It's not. e.g. Criticising a Reliant Robin for being unstable in corners is a simple fact, born of it only having three wheels.
Sure you can find use cases where the statement isn't true, holes in my point, but my point wasn't to make a sweeping argument, but to make an argument about the subject at hand. Like you mention DAWs these days are all ridiculously good, there's not one out there I couldn't write in. It's the details, where the weaknesses and strong points of that DAW are that will shape your subjective opinion of the experience using that DAW. Your opinion about a DAW may not be mine, but if you share it I will get an understanding of where it shines and where it's weak. For instance DP does SysEx really really well, if that's important to you in a DAW getting Live or Bitwig is probably the wrong way to go.
Or to use your car analogy, maybe it being unstable in corners isn't the big of a deal to you and there's some part of the car you like, so you glean objective truth from the criticism, even if personally you don't think it's a deal breaker. Like how some people don't care that Reaper has a funky GUI and takes a while to tweak to your liking.
DP and Bitwig win that game with their super fast search and select feature you don't even have to remember the key command, just the name that DAW decided to call that function..

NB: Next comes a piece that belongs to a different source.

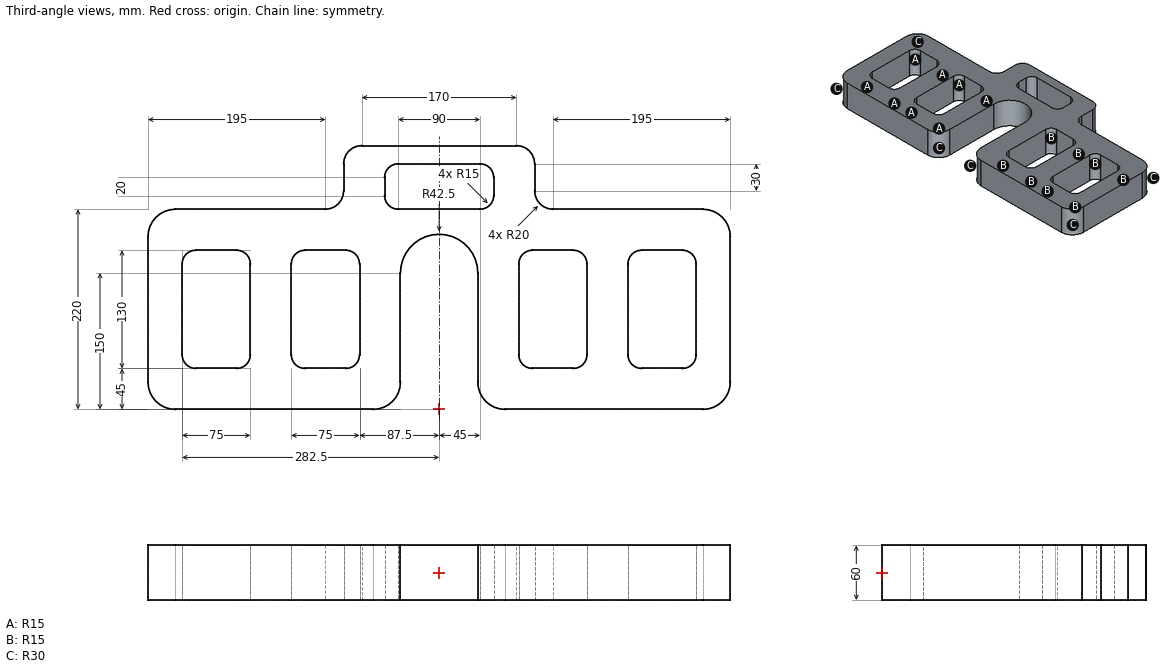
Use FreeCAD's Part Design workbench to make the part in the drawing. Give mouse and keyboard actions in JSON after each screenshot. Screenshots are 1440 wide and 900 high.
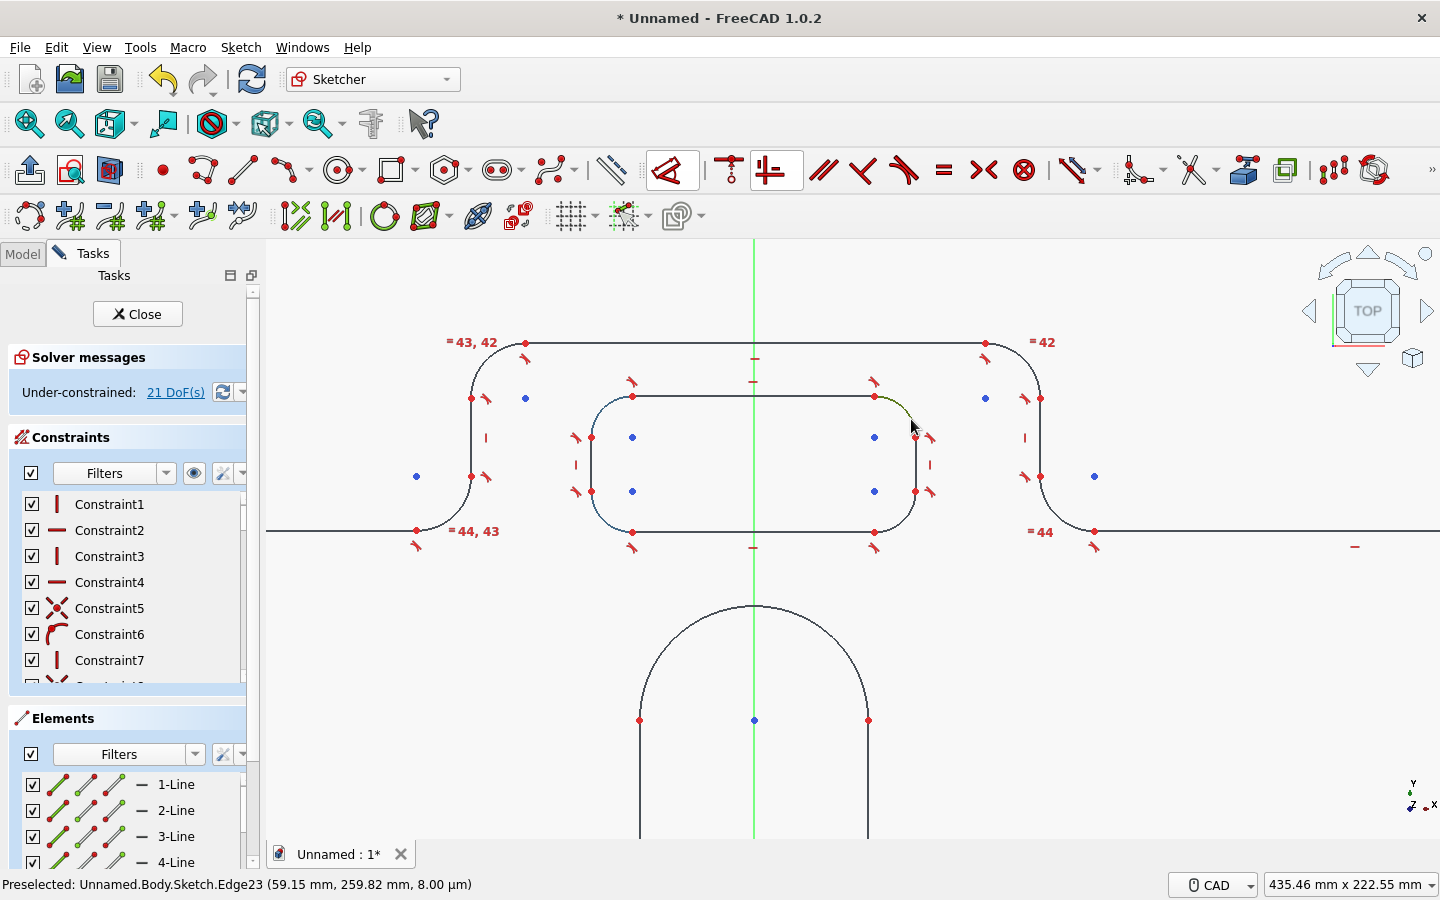
{"action": "left_click", "coordinate": [893, 528]}
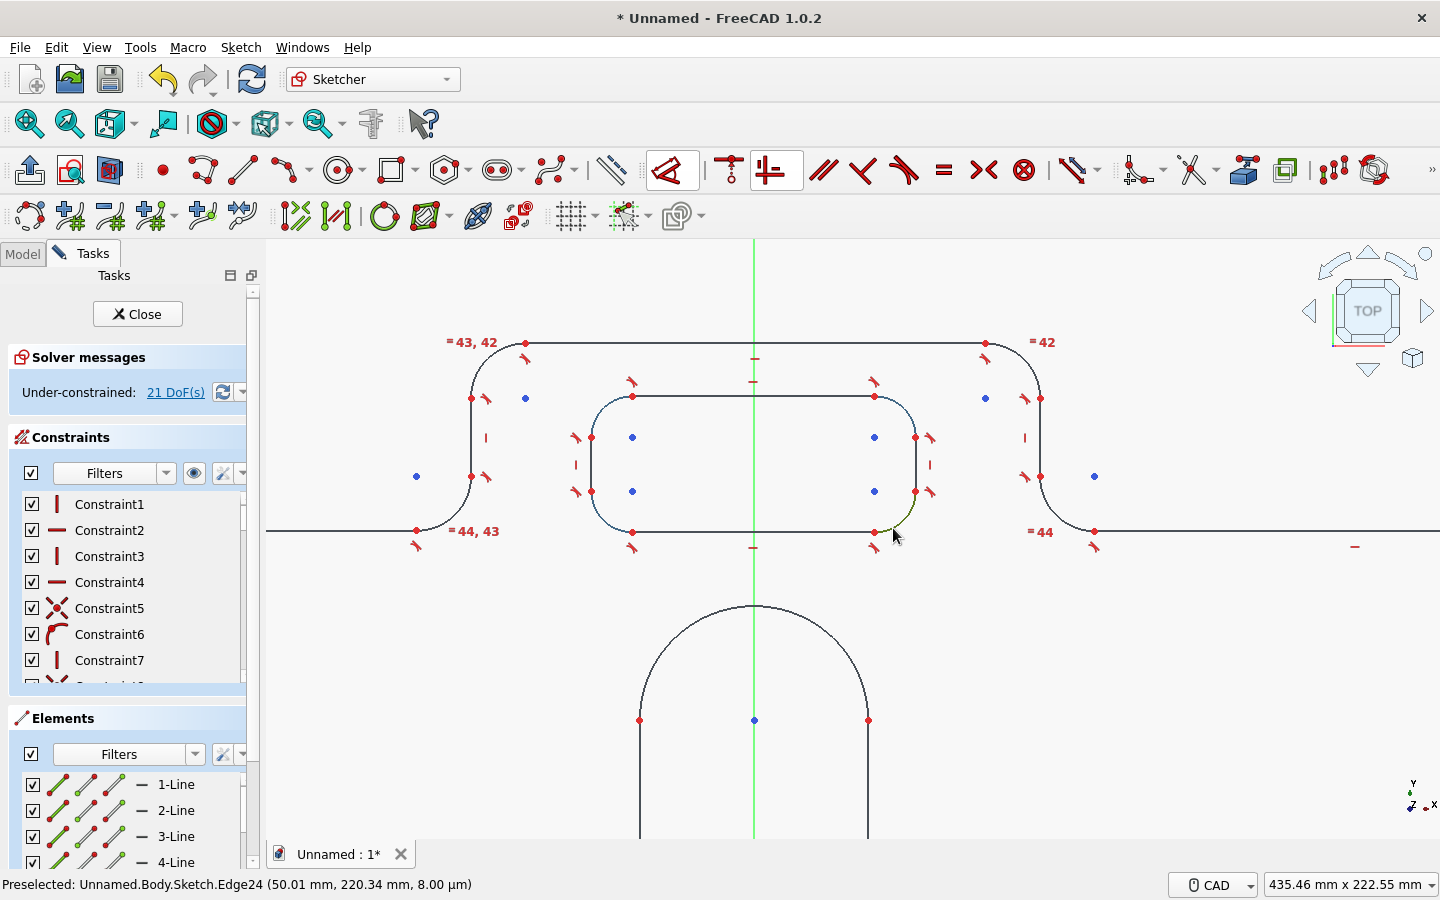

I hate that kind of stuff because it makes people lazy. I work with a generation of artists who have no idea where any effect or plug-in resides within the folder structure of After Effects. They rely 100% on the search function and to me that means they never really learn the application and, as a result, they don't think the same way as those of us who learned the software before that search function was added. Because of that they are much worse at problem solving and, for my money, our job is all about solving problems, so they are measurably worse at their jobs.
The fact you can instantly recall and fire off a command does not prevent you from learning the command, the shortcut is also shown in both those DAWs, that's how I use it. Plus there's the fact that there will be commands you use maybe once a month or less, rather than spending a couple minutes looking it up, (because at that frequency you're never learning it), it takes 4 second to type it into the run command, then fire it.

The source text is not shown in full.